Matt Rossiter started working on the Queen Elizabeth Olympic Park selling memorabilia to the masses and rued an injury that meant he was not competing.

A debilitating back problem threatened to impede his path to the Games after a prodigious junior career, including world junior and Youth Olympic gold medals.

He then turned his life around and returned to sport in 2016, rowing alongside Ollie Cook, Rory Gibbs and Sholto Carnegie.

The quartet shouldered the expectation brought by Britain’s historic success in their event, winning two world golds in the cycle and European gold in 2021.

Jack Beaumont - Rower

Royal Borough Observer:

Age 27 from Maidenhead

Jack Beaumont was the youngest member of the Great Britain rowing squad at the Rio 2016 Olympic Games after stepping in as a last-minute replacement.

Before this, he was involved in a serious training accident in Portugal that left him worried he wouldn’t walk again, after suffering four fractured vertebrae in his back, two broken ribs and a torn hip flexor muscle.

Charles Elwes - Rower

Age 24 from Newbury, West Berkshire

Rower Charles had his dream crushed when the spread of Covid-19 led to the Olympic Games being postponed.

However her persevered and trained with two former Yale University teammates pushing each other to be the best they can be.

Matilda Horn - Rower

Age 28 from Windsor

Horn fell in love with the sport down at Eton Excelsior Rowing Club where her dad runs the junior programme and continued to row when studying at St Mary’s University.

It was while rowing for the University London Boat Club that she made the move to coxing after injuring her back.

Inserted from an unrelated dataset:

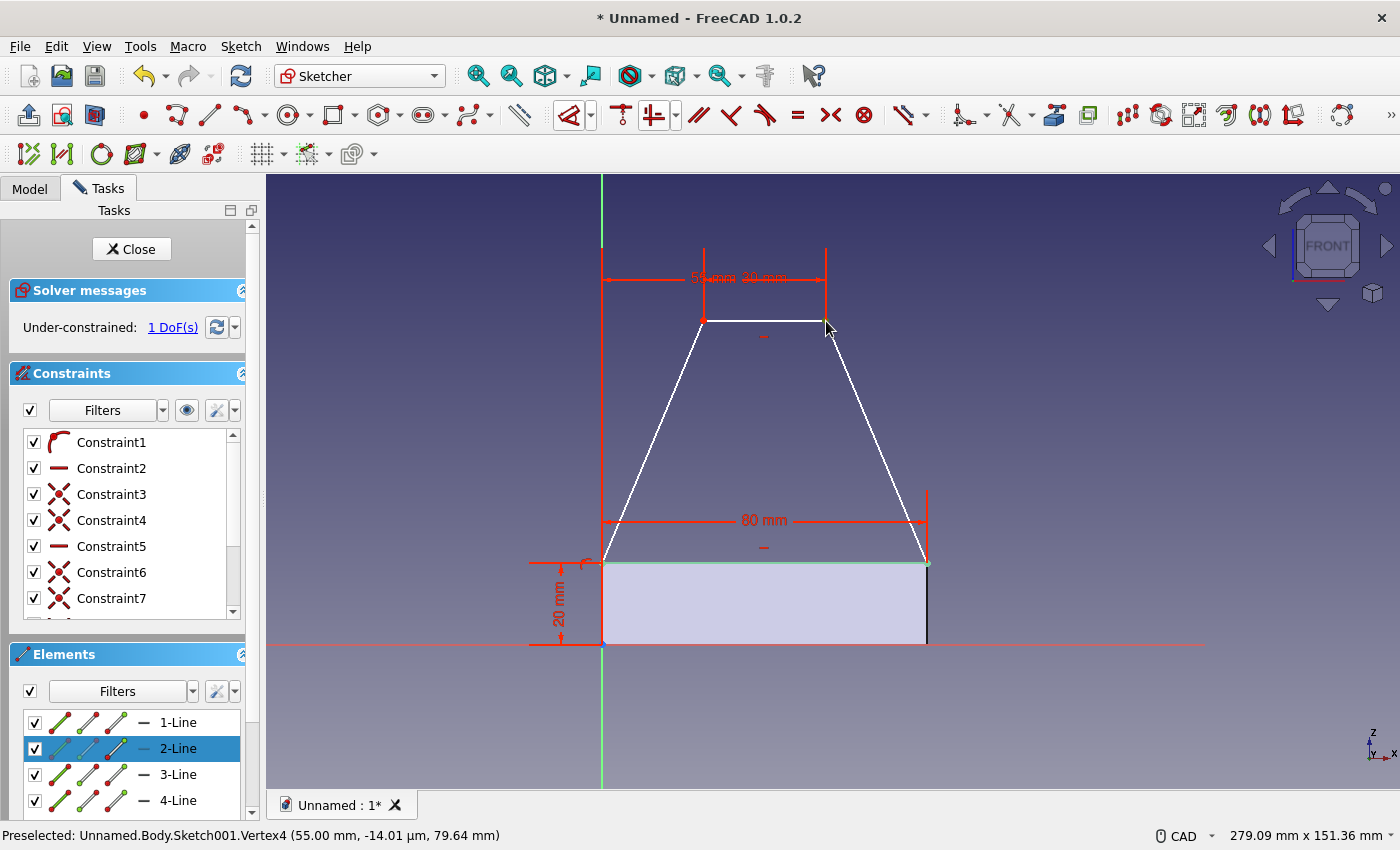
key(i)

In 2017 she got her big break, coxing the women’s eight to bronze and silver medals at two World Cup events before directing the team to back-to-back silver medals at the 2018 and 2019 European Championships.

Ellie Rayner

Age 24 from Maidenhead

Renowned for her electric turn of pace, the 24-year-old was a talented 400m runner growing up and has translated that speed onto the hockey pitch to pose a constant threat for her country.

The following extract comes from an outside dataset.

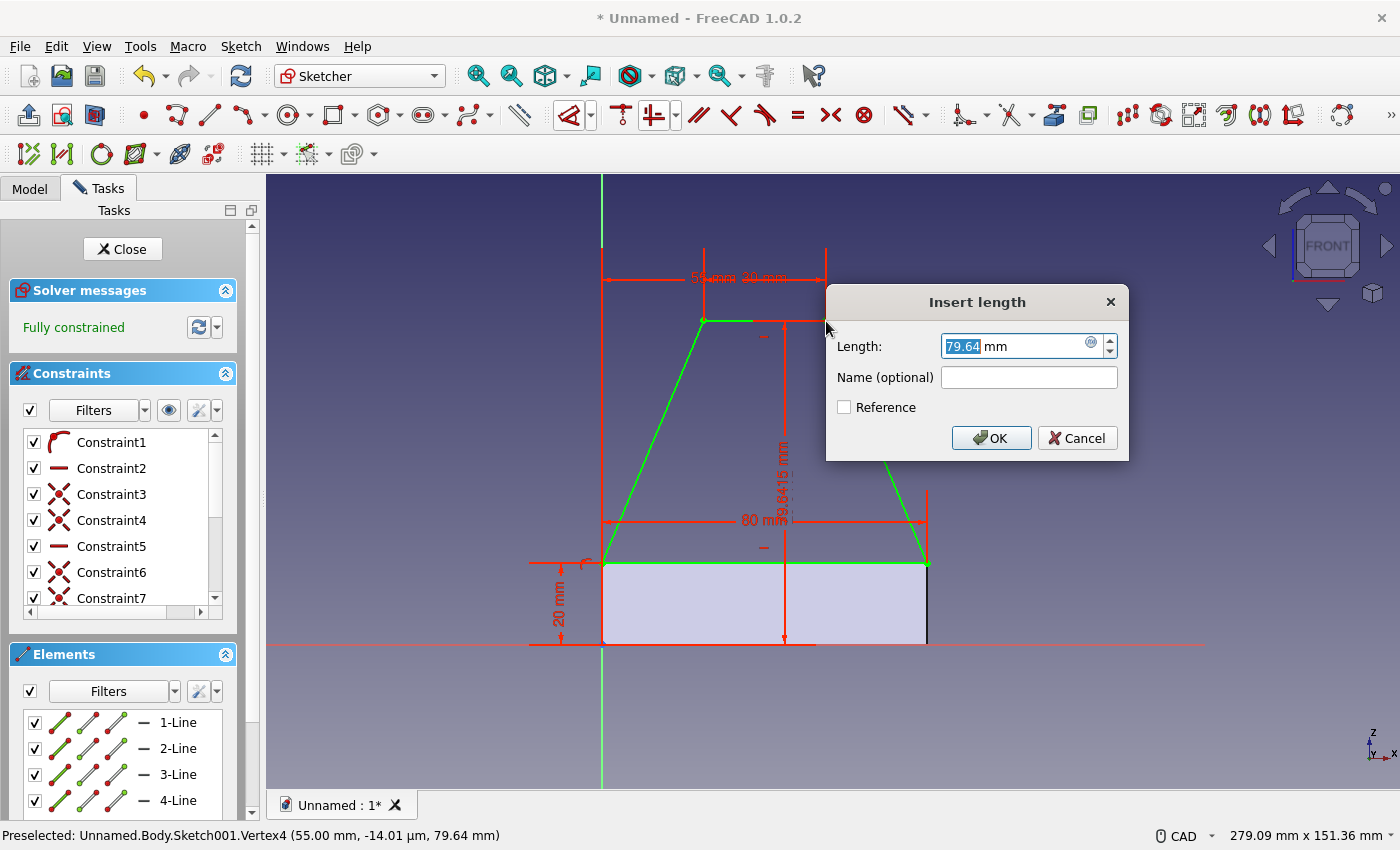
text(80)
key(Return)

The Maidenhead star was part of the team that claimed bronze at the 2018 Commonwealth Games – but will be hellbent on going even better when she descends on Japan this summer.

Oliver Cook - Rower

Age 31 from Windsor

Oliver's rowing journey began in Windsor at his local rowing club, Eton Excelsior, where his dad initially decided to take up the sport in his early 40s after stumbling across it on a run.

He used to go along with his dad - in what he described as “a form of cheap babysitting” - and he eventually became the club’s very first junior rower as a 12-year-old.

From there he continued to pursue his passion throughout school and university before trialling for the British team at U23 level and first competing for the senior squad in 2012.